ARTICLE VIII: Meetings
a) There will be regularly scheduled membership meetings, the frequency of which to be decided by the Board of Directors. Special meetings of the members may be called by the President, by a majority of the Board of Directors, or by a petition signed by a minimum of ten members.
b) A quorum at any special meeting of the members shall consist of 10 % of the membership or 50 members, whichever is less. (Rev. 11/13/99 and 7/2007)
c) Due notice shall be given, stating the time, place, date, and purpose of any special meeting of the members, at least ten days before such meeting.
ARTICLE IX: Region Budget
a) The Club's fiscal year will be the calendar year.

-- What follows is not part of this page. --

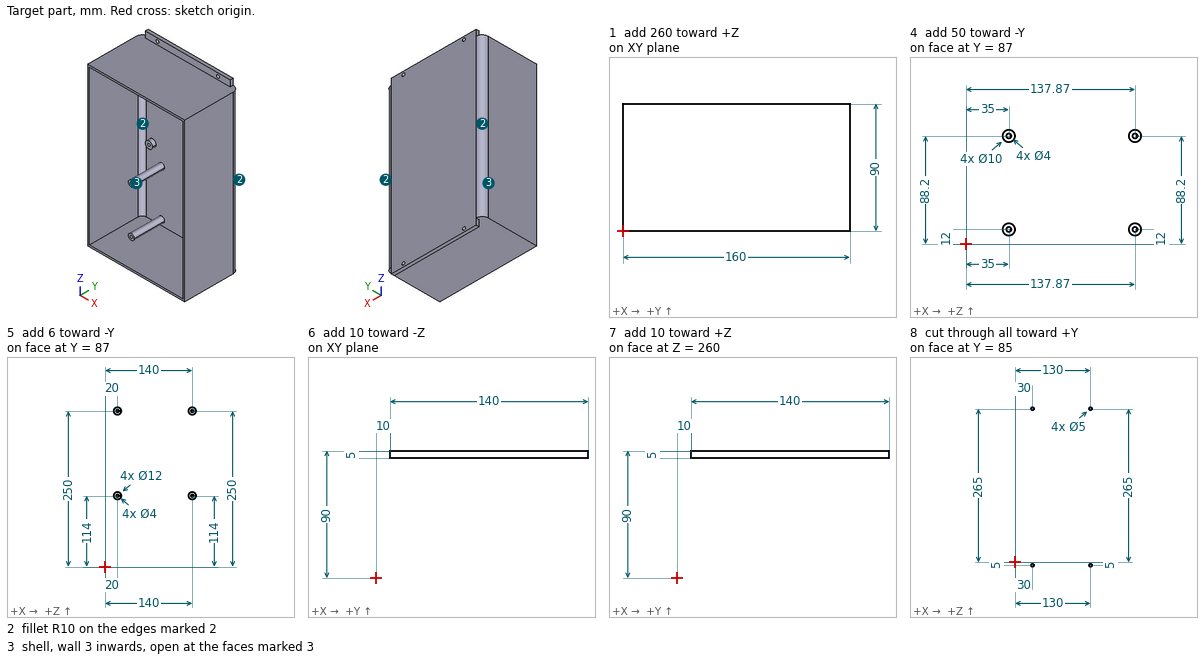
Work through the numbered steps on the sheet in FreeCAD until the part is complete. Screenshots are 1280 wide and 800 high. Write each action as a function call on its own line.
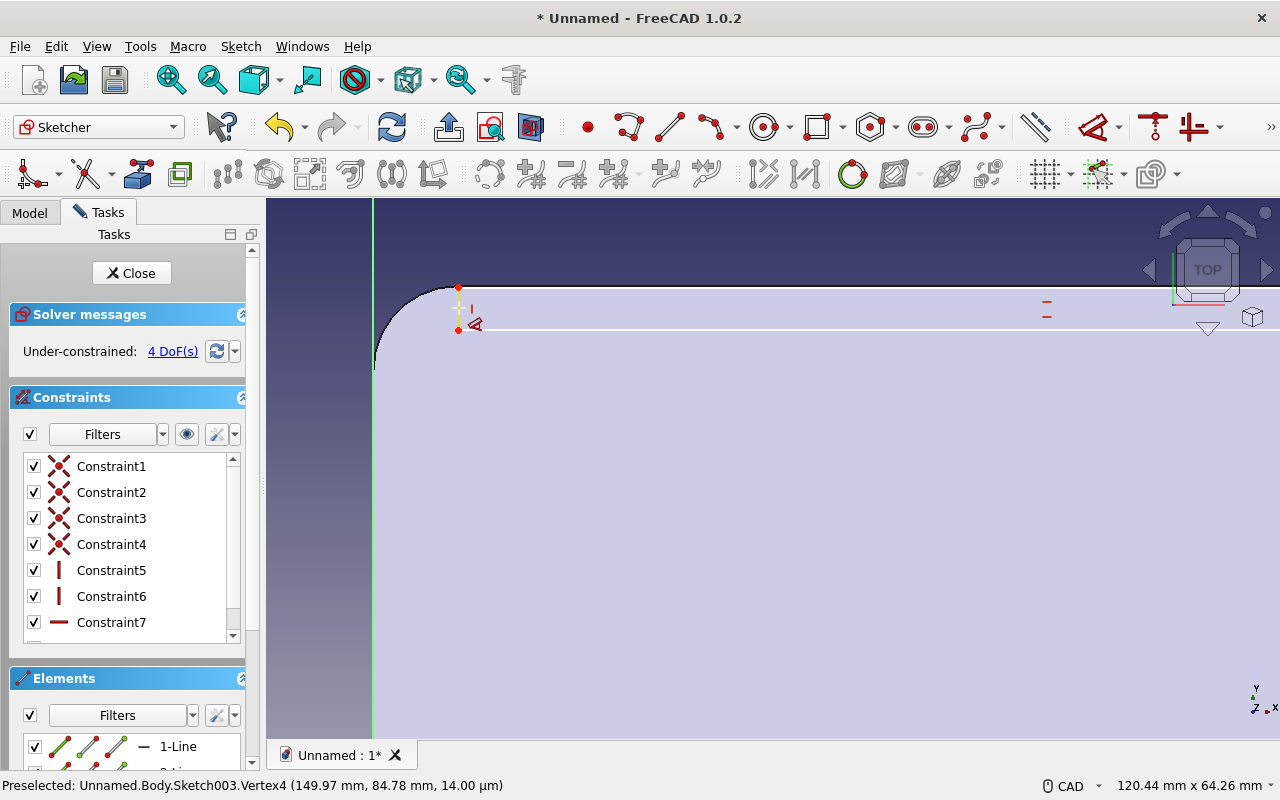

b) A Budget Committee shall meet in order to formulate a proposed budget for the following year. This Committee shall meet during the month of December.

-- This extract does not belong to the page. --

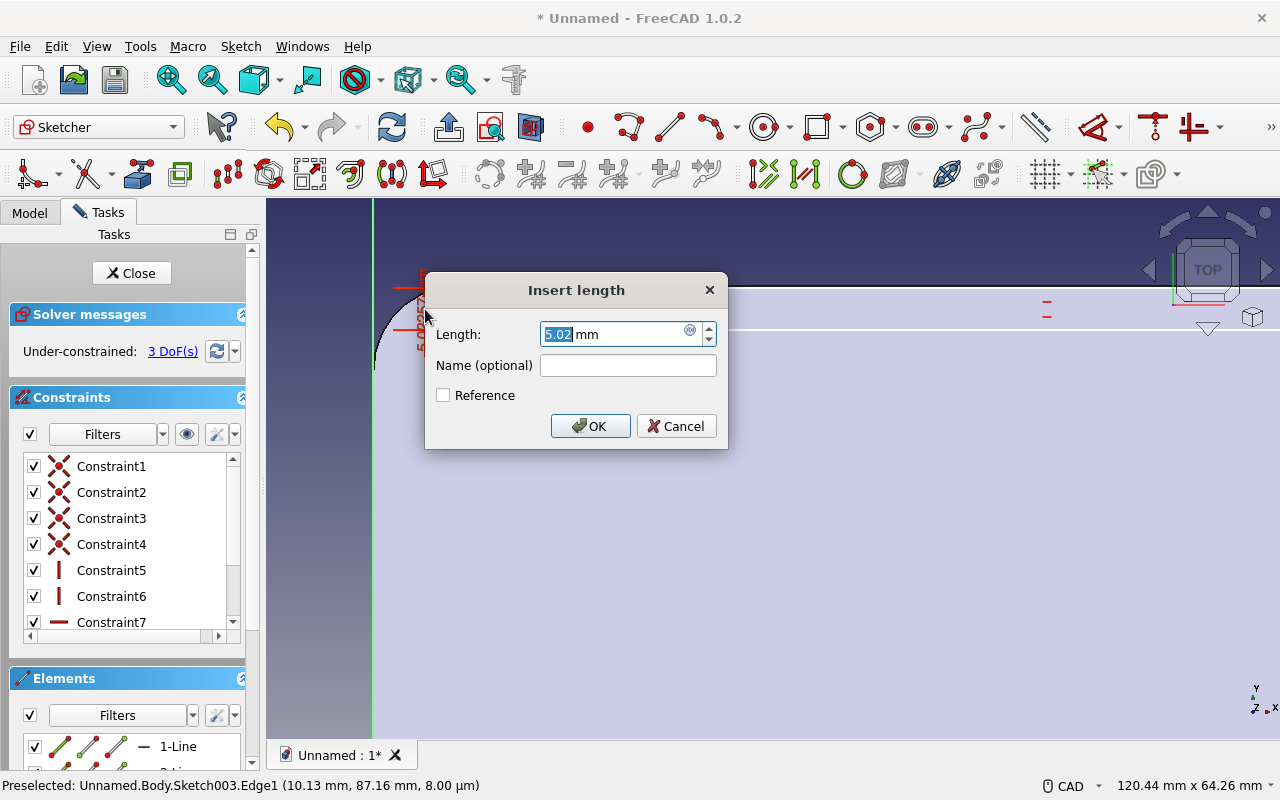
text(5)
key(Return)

c) The Committee shall be made up by the Past or outgoing President, the continuing or incoming President, the continuing Treasurer, or the outgoing and the incoming Treasurer.
d) The Budget Committee shall present the proposed budget at the January Board/Transition Meeting for review and voting.
e) If the Budget is not approved at the January meeting, the Budget Committee will make appropriate changes and submit the budget for vote at the February Board Meeting.
ARTICLE X: Amendments to the Bylaws
a) Amendments to these bylaws may be proposed by the Board of Directors or by any ten or more members in good standing. Amendments submitted by the general membership must be in writing and signed by those members submitting such proposed amendment(s).
b) The Board of Directors shall publish the proposed amendment(s) in the Club's official publication and shall arrange for a vote of the members. The affirmative vote of two-thirds of those voting shall be required for approval.